Must have been around 2 months ago when it appeared the first time.

At the very beginning of the parity check I get one parity error.

 

The most recent (monthly) parity check also threw this error.

It seems that the parity error is not getting fixed or what?

 

How can I find out who (drive) is causing it and why it isn't corrected permanently?

I will look for the syslog and attach it when I'm back home.

 

 

 

Is this a 'Correcting Parity Check' or a 'Non-correcting Parity Check'?

  • Author

It is the correcting check.

Had no time to collect the log yesterday.

I will do at the next opportunity.

 

  • 2 weeks later...
  • Author

Here is the syslog.

There is no pointer to any kind of error afaik.

 

May  1 21:40:14 Tuerke kernel: md: correcting parity, sector=65680
.
.
.
.
May  2 12:05:32 Tuerke kernel: md: sync done. time=51919sec
May  2 12:05:32 Tuerke kernel: md: recovery thread sync completion status: 0

 

But this sector 65680 is incorrect at every parity check.

 

syslog-20140503-031845_correcting_parity.txt

Probably a memory error - a very subtle one. 

 

If a memory error causes a block to show up as a parity error, unRaid will incorrectly update parity. It makes sense that the very next check will find this mistake (presumably the memory error will not occur twice at the same place) and put things right again. Make sense?

  • Author
presumably the memory error will not occur twice at the same place

 

Probably not and the error shouldn't reappear at the same place after the second correcting check but it does!

 

Did you check your drives SMART attributes?

 

Think you should try again to confirm it is reproducible?

  • Author

Which drive?

Data or parity?

 

As far as I understand (unraid philosophy) the data drives must be OK,

otherwise there would be a read error.

In that case unraid would write the information again on that drive (calculated from parity).

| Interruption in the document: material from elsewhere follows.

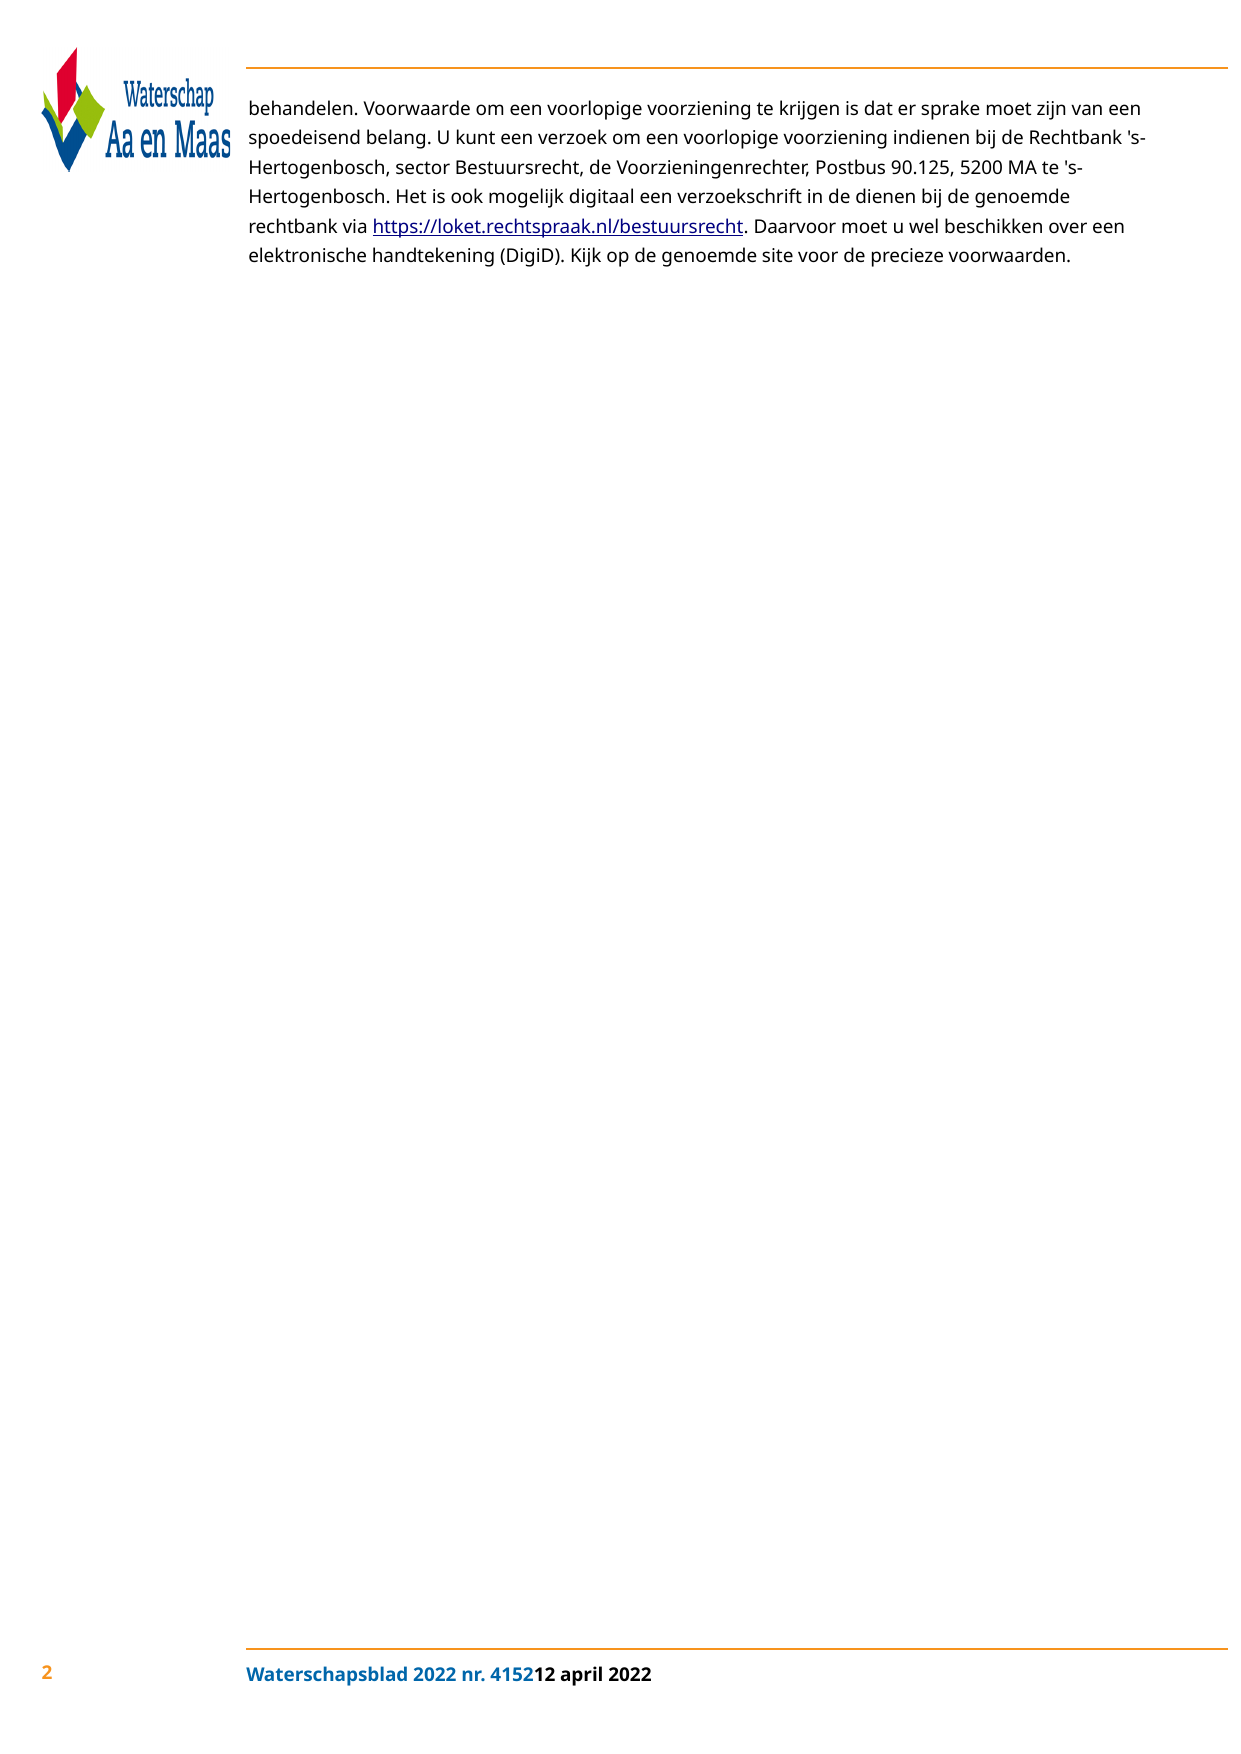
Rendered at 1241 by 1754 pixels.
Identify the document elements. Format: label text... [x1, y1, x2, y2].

Hopefully that is not named a "parity error" also.

 

It seems I have a permanent parity error on one and the same location.

Obviously, all drives are readable but the information in that place is changing or it is not written permanently to the parity drive.

 

Should I run an extended smartctl -t on the array drives?

 

 

I had a reoccuring error 128 sync errors at each parity check same location parity and at the time drive 10.  Replaced parity and drive 10 still the same 128 errors but different array drive this time.  So I updated my RES2SV240 firmware and my M1015 firmware and no more sync errors so far.  I'm sure you have your firmware's updated since I used your contribution for a Perc H310 last night but you might try updating controller and SAS expander if you use one.

Makes as much sense as anything. I do not believe this is an unRaid issue or defect. Seems hardware / firmware related. Seems very odd that it would occur at a single specific location.

 

If you are technically oriented you could convert the block number to a disk offset and use the 'dd' command to read the contents of each disk at that location repeatedly, looking for variability in returned results. Can't think of any other way to diagnose further.

As bjp999 suggests there might be an issue with a drive not always returning the same data each time a block is read. 

 

I had a battle with this that is reported here:

 

http://lime-technology.com/forum/index.php?topic=11515.msg109840#msg109840

 

though this sort of thing appears to be very rare, so might not be your case at all.  If this is the cause you have to test all the drives by reading the blocks in the region that the parity error is reported.  You do this many times and if you have this error on one of those drives the read will occasionally return different data (even though the drives are not being written to).

 

Regards,

 

Stephen

 

  • 2 weeks later...
  • Author

Here I am again - did the monthly parity check and guess what...

Jun  1 23:54:49 Tuerke kernel: md: recovery thread woken up ...
Jun  1 23:54:49 Tuerke kernel: md: recovery thread checking parity...
Jun  1 23:54:49 Tuerke kernel: md: using 2560k window, over a total of 3907018532 blocks.
Jun  1 23:54:50 Tuerke kernel: md: correcting parity, sector=65680
.
.
.

 

:-\

 

Here I am again - did the monthly parity check and guess what...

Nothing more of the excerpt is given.